# Installing GDB..



## Lorota (Apr 2, 2012)

Hi guys, I tried to install gdb on my OS X Lion (10.7), but I couldn't..
I downloaded gdb and when I try to run _configure_, it doesn't work, it appears:

new-host:gdb-7.4 lorota$ ./configure
checking build system type... i386-apple-darwin11.3.0
checking host system type... i386-apple-darwin11.3.0
checking target system type... i386-apple-darwin11.3.0
checking for a BSD-compatible install... /usr/bin/install -c
checking whether ln works... yes
checking whether ln -s works... yes
checking for a sed that does not truncate output... /usr/bin/sed
checking for gawk... no
checking for mawk... no
checking for nawk... no
checking for awk... awk
checking for gcc... no
checking for cc... no
checking for cl.exe... no
configure: error: in `/Users/lorota/downloads/gdb-7.4':
configure: error: no acceptable C compiler found in $PATH
See `config.log' for more details.

Someone can help me, please!? Tks..


----------



## DeltaMac (Apr 2, 2012)

Why not just use the GDB that is installed with Xcode?


----------



## Lorota (Apr 2, 2012)

I've installed Xcode 4, but it seems that doesn't install gbd..
because when I type gbd at terminal it appears: "command not found"..


----------



## DeltaMac (Apr 2, 2012)

Maybe something in your Xcode work settings?

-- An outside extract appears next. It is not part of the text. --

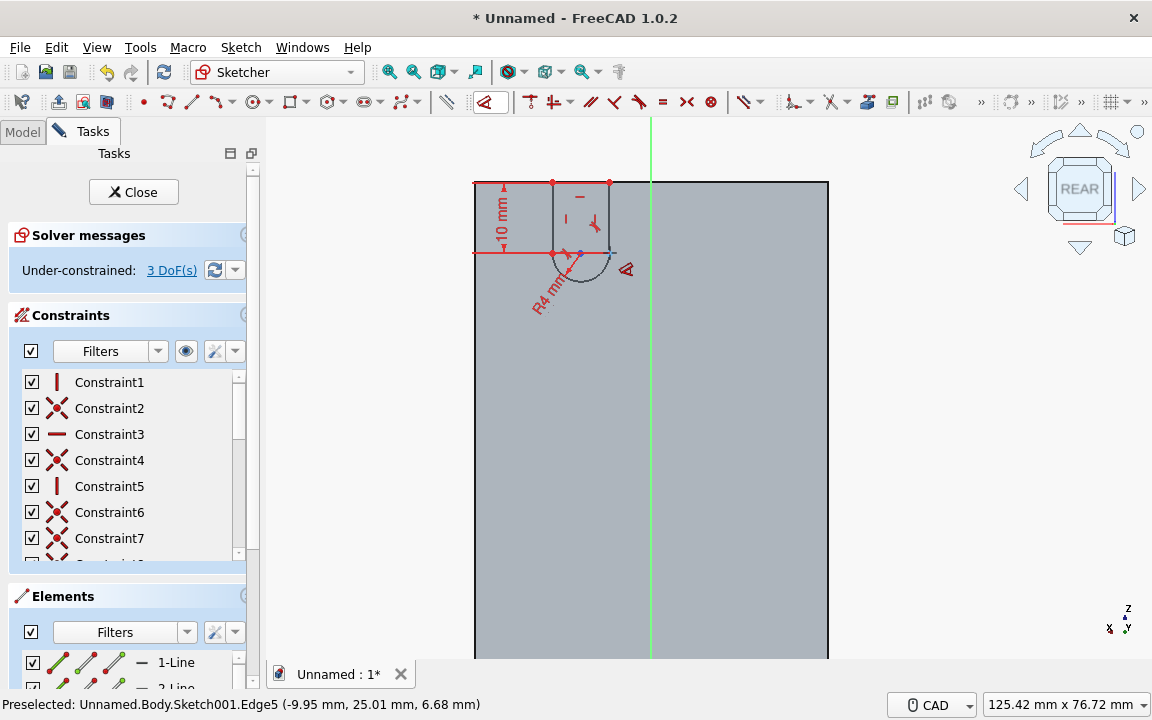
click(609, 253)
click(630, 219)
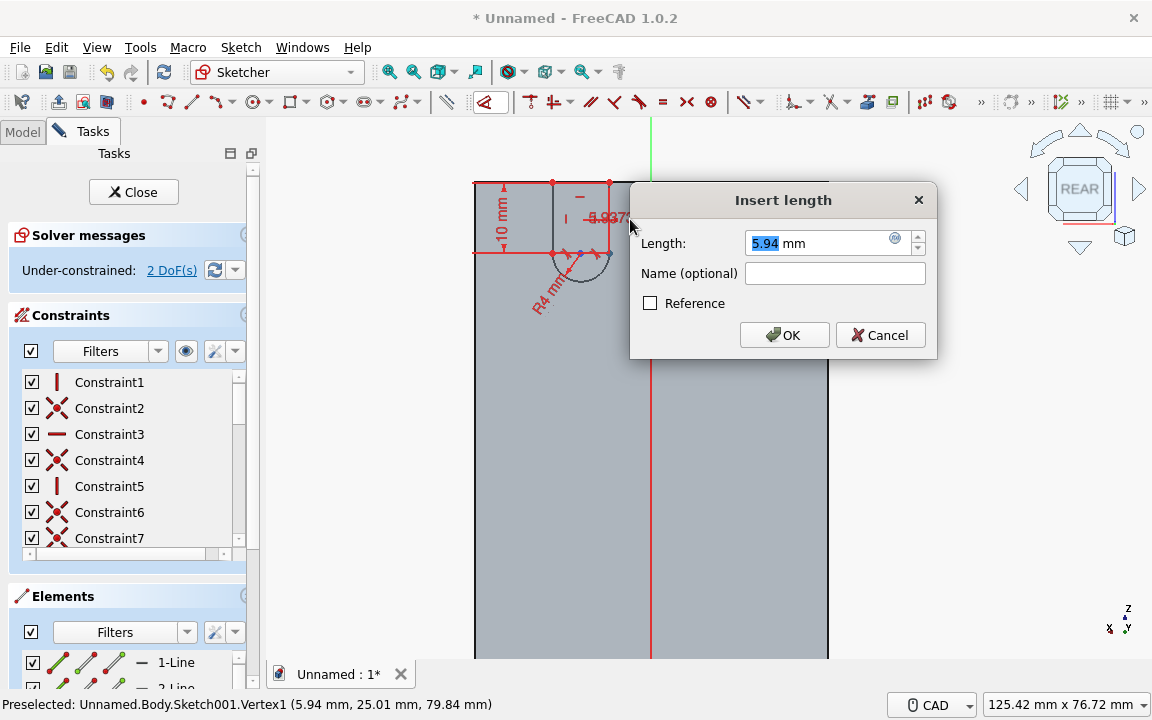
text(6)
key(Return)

I don't have Xcode at this location, so I can't check that, but in Xcode 4 the working directory settings is under Scheme Settings.
Does that show you the execution path for GDB?


----------



## Lorota (Apr 2, 2012)

I couldn't find the working directory settings..
I couldn't find the execution path for gdb!
:/


----------



## DeltaMac (Apr 2, 2012)

I'm not sure how all that would be named in Xcode, but did you find Scheme Settings in Xcode?


----------